Painting in Iran is thought to have reached a climax during the Tamerlane era when outstanding masters such as Kamaleddin Behzad gave birth to a new style of painting.

Paintings of the Qajar period, are a combination of European influences and Safavid miniature schools of painting such as those introduced by Reza Abbasi. Masters such as Kamal-ol-molk, further pushed forward the European influence in Iran. It was during the Qajar era when "Coffee House painting" emerged. Subjects of this style were often religious in nature depicting scenes from Shia epics and the like.

Pottery and ceramics

Prominent archeologist Roman Ghirshman believes "the taste and talent of this people [Iranians] can be seen through the designs of their earthen wares".

Of the thousands of archeological sites and historic ruins of Iran, almost every single one can be found to have been filled, at some point, with earthenware of exceptional quality. Thousands of unique vessels alone were found in Sialk and Jiroft sites.

The occupation of the potter ("kuzeh gar") has a special place in Persian literature.

Music

During the course of Iran's recorded history, a unique distinctive music developed accompanied by numerous musical instruments, several of which came to be the first prototypes of some modern musical instruments of today.

The earliest references to musicians in Iran are found in Susa and Elam in the 3rd millennium BC. Reliefs, sculptures, and mosaics such as those in Bishapur from periods of antiquity depict a vibrant musical culture.

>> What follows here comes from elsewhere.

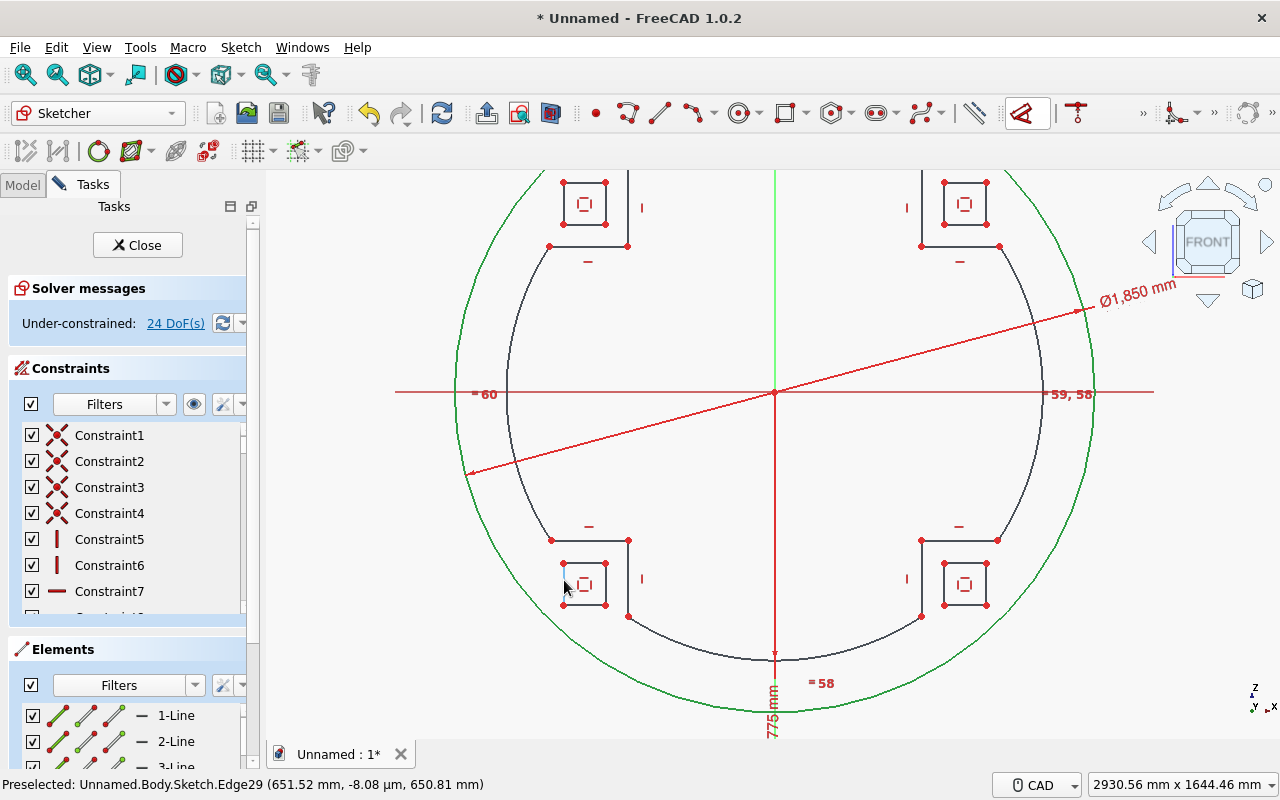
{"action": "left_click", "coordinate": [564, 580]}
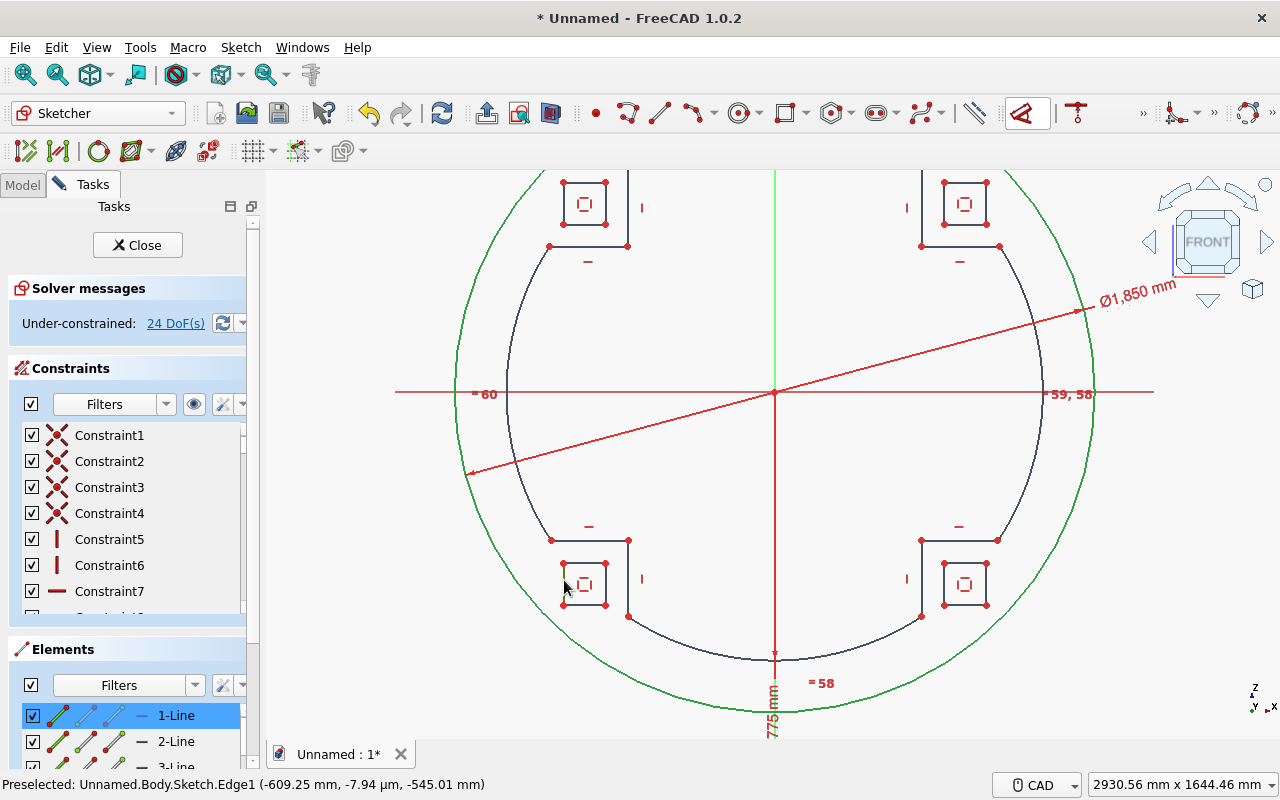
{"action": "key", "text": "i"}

Persian music in its contemporary form has its inception in the Naseri era, who ordered the opening of a "House of Crafts," where all master craftsmen would gather for designing instruments and practicing their art.

Literature

Persian literature is by far the most stalwart expression of the Iranian genius. While there are interesting works in prose, it is poetry where the Iranian literature shines at its most. Flourishing over a period of more than a millennium, it was esteemed and imitated well beyond the confines of the Iranian homeland. The literature of Iran's direct and recently lost territories in the Caucasus (most notably Azerbaijan), as well as Turkey and indirectly the Mughal Empire developed under its influence.

Some notable Iranian poets are: Ferdowsi, Khayyam, Hafiz, Attar, Sa'di, Nizami, Sanai, Rudaki, Rumi, Jami, Nima Yushij and Shahriar.

Environmental design

Architecture

The architecture of Iran is one with an exceedingly ancient Persian tradition and heritage. As Arthur Pope put it, "the meaningful Impact of Persian architecture is versatile. Not overwhelming but dignified, magnificent and impressive".

Persian gardens

The tradition and style in the garden design of Persian gardens (Persian باغ ایرانی) has influenced the design of gardens from Andalusia to India and beyond. The gardens of the Alhambra show the influence of Persian Paradise garden philosophy and style in a Moorish Palace scale from the era of Al-Andalus in Spain. The Taj Mahal is one of the largest Persian Garden interpretations in the world, from the era of the Mughal Empire in India.
Examples: see Category: Persian Gardens

Calligraphy

Says writer Will Durant: "Ancient Iranians with an alphabet of 36 letters, used skins and pen to write, Instead of earthen tablets". Such was the creativity spent on the art of writing. The significance of the art of calligraphy in works of pottery, metallic vessels, and historic buildings is such that they are deemed lacking without the adorning decorative calligraphy.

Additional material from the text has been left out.